Before we go any further, tibbles are data frames, but they have some new bells and whistles to make your life easier.
How tibbles differ from data.frame
There are a number of differences between tibbles and data.frames. To see a full vignette about tibbles and how they differ from data.frame, you'll want to execute vignette('tibble')
and read through that vignette. However, we'll summarize some of the most important points here:
- Input type remains unchanged - data.frame is notorious for treating strings as factors; this will not happen with tibbles
- Variable names remain unchanged - In base R, creating data.frames will remove spaces from names, converting them to periods or add 'x' before numeric column names. Creating tibbles will not change variable (column) names.
- There are no
row.names()
for a tibble - Tidy data requires that variables be stored in a consistent way, removing the need for row names. - Tibbles print first ten rows and columns that fit on one screen - Printing a tibble to screen will never print the entire huge data frame out. By default, it just shows what fits to your screen.
Creating a tibble
The tibble package is part of the tidyverse
and can thus be loaded in (once installed) using:
as_tibble()
Since many packages use the historical data.frame from base R, you'll often find yourself in the situation that you have a data.frame and want to convert that data.frame to a tibble. To do so, the as_tibble()
function is exactly what you're looking for.
For example, the trees
dataset is a data.frame that's available in base R. This dataset stores the diameter, height, and volume for Black Cherry Trees. To convert this data.frame to a tibble you would use the following:
## # A tibble: 31 × 3 ## Girth Height Volume ## <dbl> <dbl> <dbl> ## 1 8.3 70 10.3 ## 2 8.6 65 10.3 ## 3 8.8 63 10.2 ## 4 10.5 72 16.4 ## 5 10.7 81 18.8 ## 6 10.8 83 19.7 ## 7 11 66 15.6 ## 8 11 75 18.2 ## 9 11.1 80 22.6 ## 10 11.2 75 19.9 ## # … with 21 more rows
Note in the above example and as mentioned earlier, that tibbles, by default, only print the first ten rows to screen. If you were to print trees
to screen, all 31 rows would be displayed. When working with large data.frames, this default behavior can be incredibly frustrating. Using tibbles removes this frustration because of the default settings for tibble printing.
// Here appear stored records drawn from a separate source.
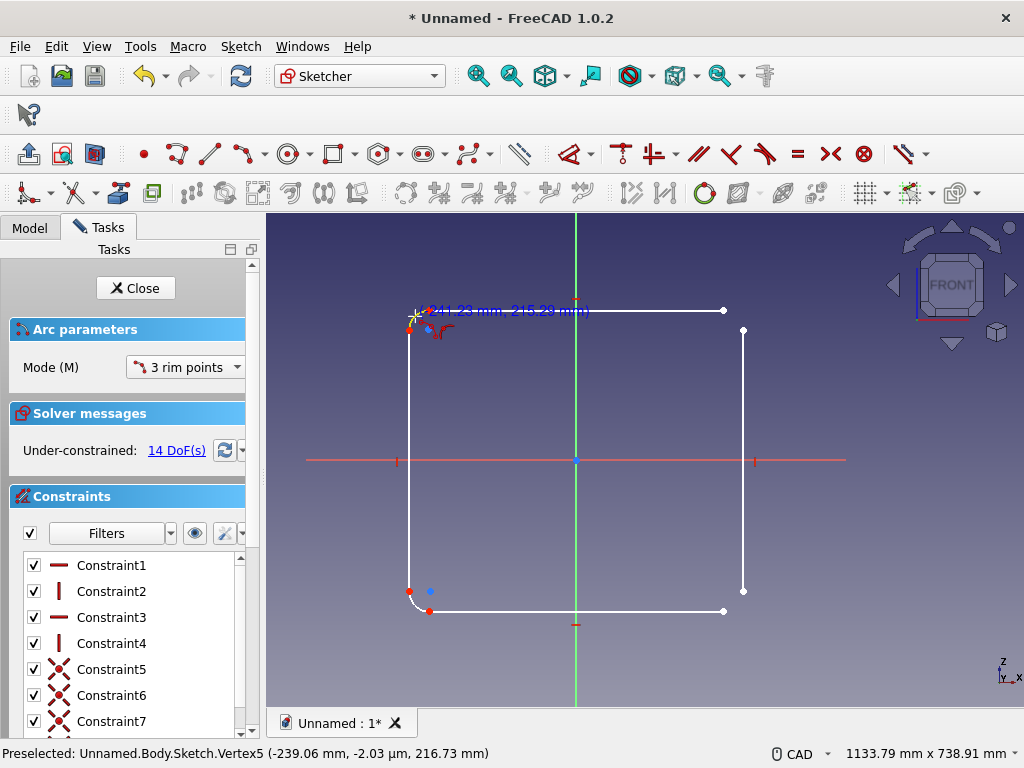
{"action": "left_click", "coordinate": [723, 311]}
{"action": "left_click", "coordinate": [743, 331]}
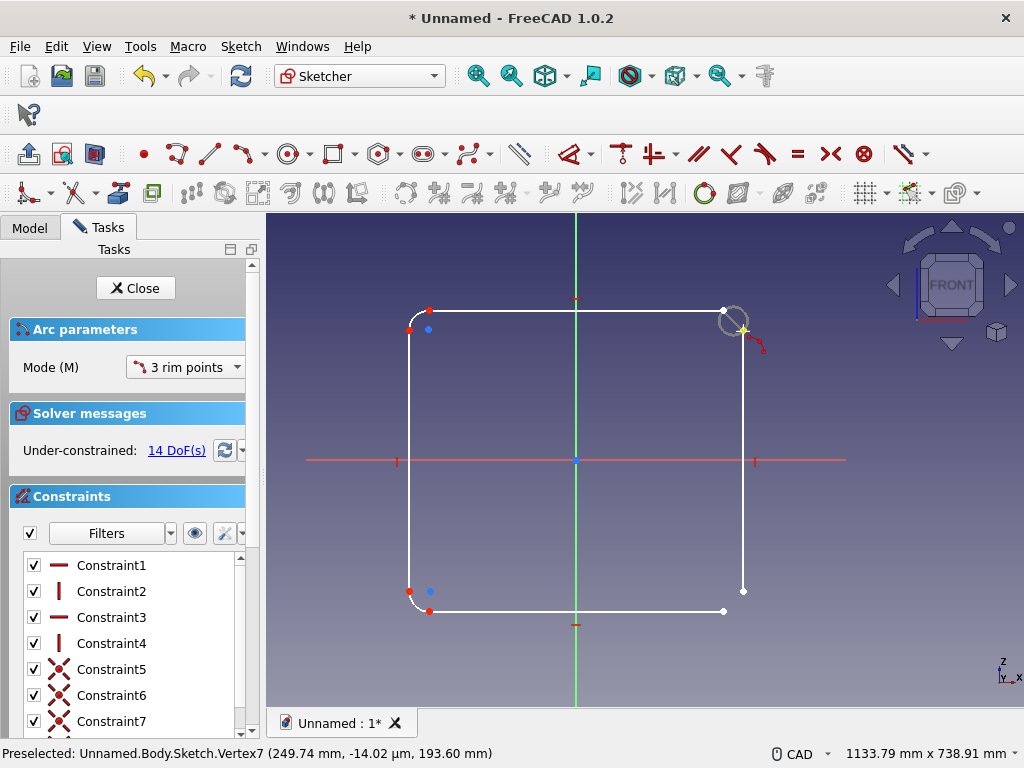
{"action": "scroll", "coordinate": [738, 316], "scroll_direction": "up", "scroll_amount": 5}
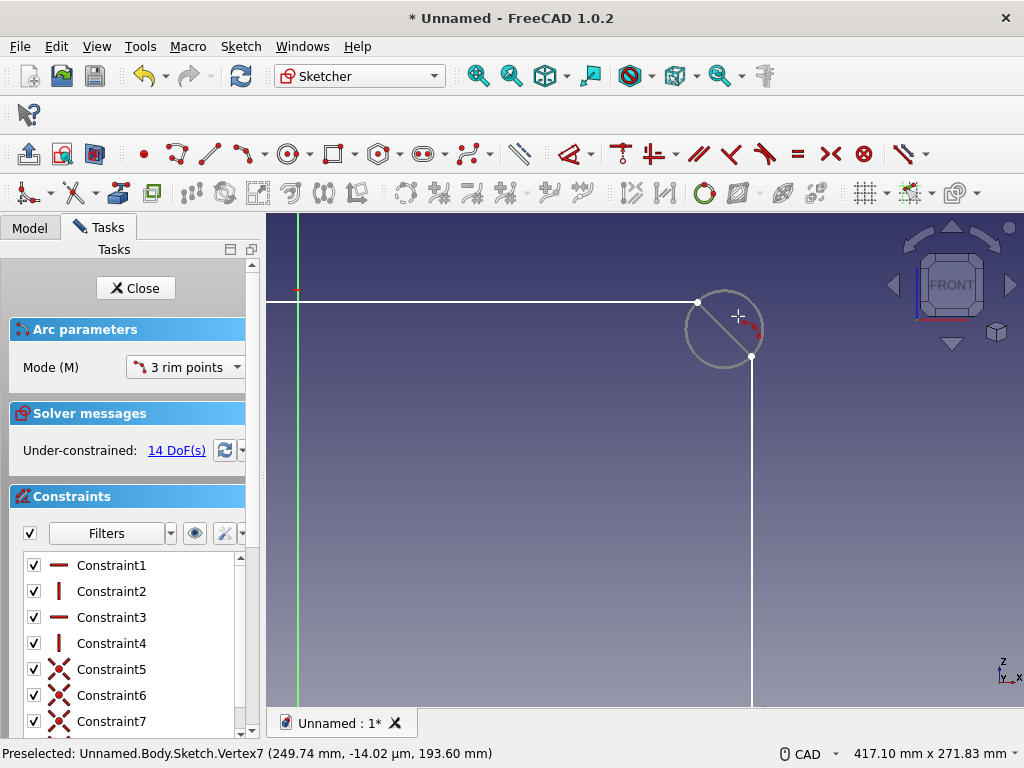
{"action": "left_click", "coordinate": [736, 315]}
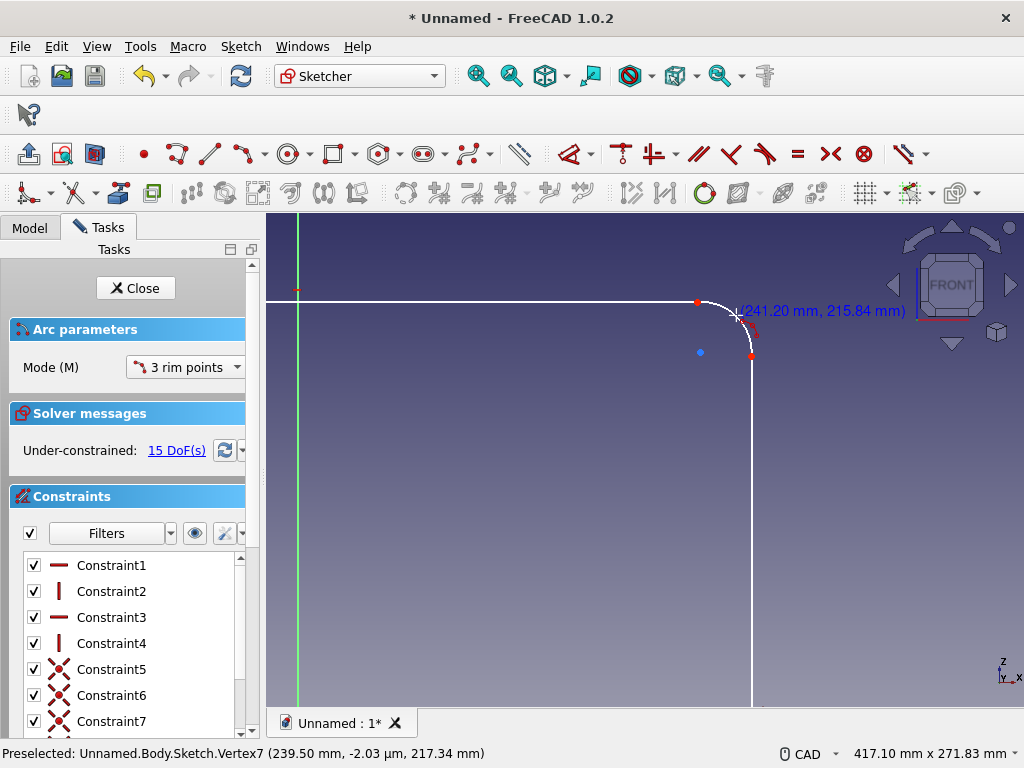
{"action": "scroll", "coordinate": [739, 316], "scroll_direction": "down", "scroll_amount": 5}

Additionally, you'll note that the type of the variable is printed for each variable in the tibble. This helpful feature is another added bonus of tibbles relative to data.frame.
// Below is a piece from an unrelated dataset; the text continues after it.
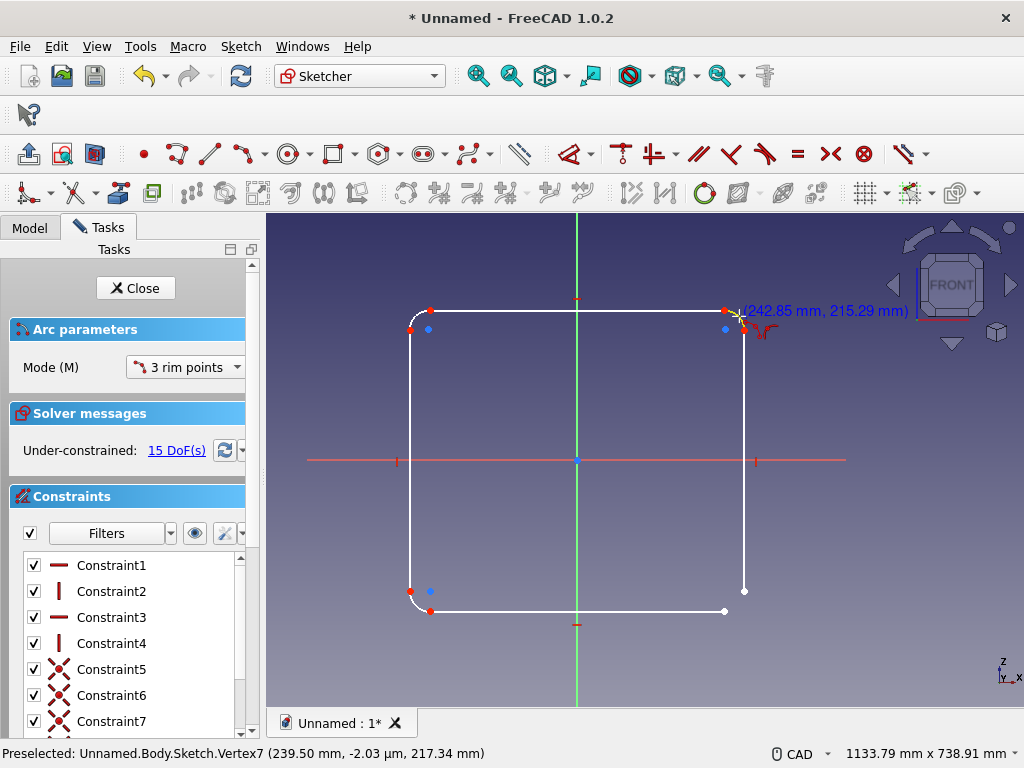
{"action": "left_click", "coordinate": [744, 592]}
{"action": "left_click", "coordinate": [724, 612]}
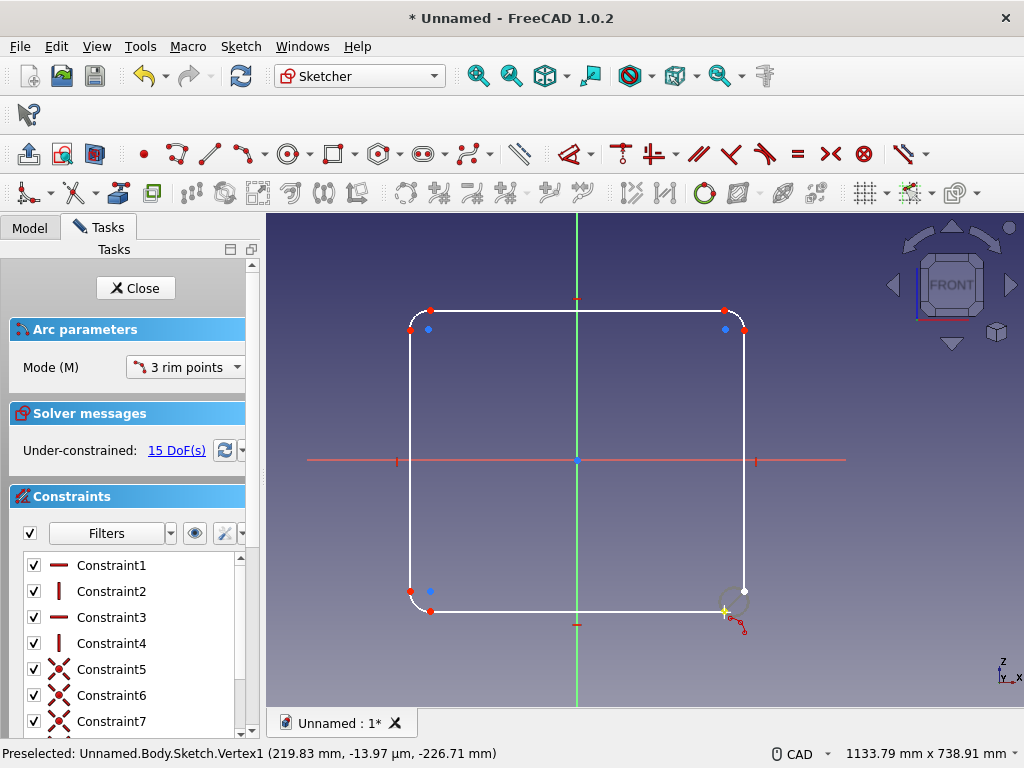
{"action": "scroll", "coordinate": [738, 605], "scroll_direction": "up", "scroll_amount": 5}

If you do want to see more rows from the tibble, there are a few options! First, the View()
function in RStudio is incredibly helpful. The input to this function is the data.frame or tibble you'd like to see. Specifically, View(trees)
would provide you, the viewer, with a scrollable view (in a new tab) of the complete dataset.
A second option is the fact that print()
enables you to specify how many rows and columns you'd like to display. Here, we again display the trees
data.frame as a tibble but specify that we'd only like to see 5 rows. The width = Inf
argument specifies that we'd like to see all the possible columns. Here, there are only 3, but for larger datasets, this can be helpful to specify.
as_tibble(trees) %>% print(n = 5, width = Inf)
## # A tibble: 31 × 3 ## Girth Height Volume ## <dbl> <dbl> <dbl> ## 1 8.3 70 10.3 ## 2 8.6 65 10.3 ## 3 8.8 63 10.2 ## 4 10.5 72 16.4 ## 5 10.7 81 18.8 ## # … with 26 more rows
Other options for viewing your tibbles are the slice_*
functions of the dplyr
package.
The slice_sample()
function of the dplyr
package will allow you to see a sample of random rows in random order. The number of rows to show is specified by the n
argument. This can be useful if you don't want to print the entire tibble, but you want to get a greater sense of the values. This is a good option for data analysis reports, where printing the entire tibble would not be appropriate if the tibble is quite large.
slice_sample(trees, n = 10)
## Girth Height Volume ## 1 16.3 77 42.6 ## 2 14.0 78 34.5 ## 3 13.8 64 24.9 ## 4 10.8 83 19.7 ## 5 8.8 63 10.2 ## 6 17.5 82 55.7 ## 7 8.3 70 10.3 ## 8 11.4 76 21.4 ## 9 10.7 81 18.8 ## 10 10.5 72 16.4
You can also use slice_head()
or slice_tail()
to take a look at the top rows or bottom rows of your tibble. Again the number of rows can be specified with the n argument.
This will show the first 5 rows.
## Girth Height Volume ## 1 8.3 70 10.3 ## 2 8.6 65 10.3 ## 3 8.8 63 10.2 ## 4 10.5 72 16.4 ## 5 10.7 81 18.8
This will show the last 5 rows.
## Girth Height Volume ## 1 17.5 82 55.7 ## 2 17.9 80 58.3 ## 3 18.0 80 51.5 ## 4 18.0 80 51.0 ## 5 20.6 87 77.0
tibble()
Alternatively, you can create a tibble on the fly by using tibble()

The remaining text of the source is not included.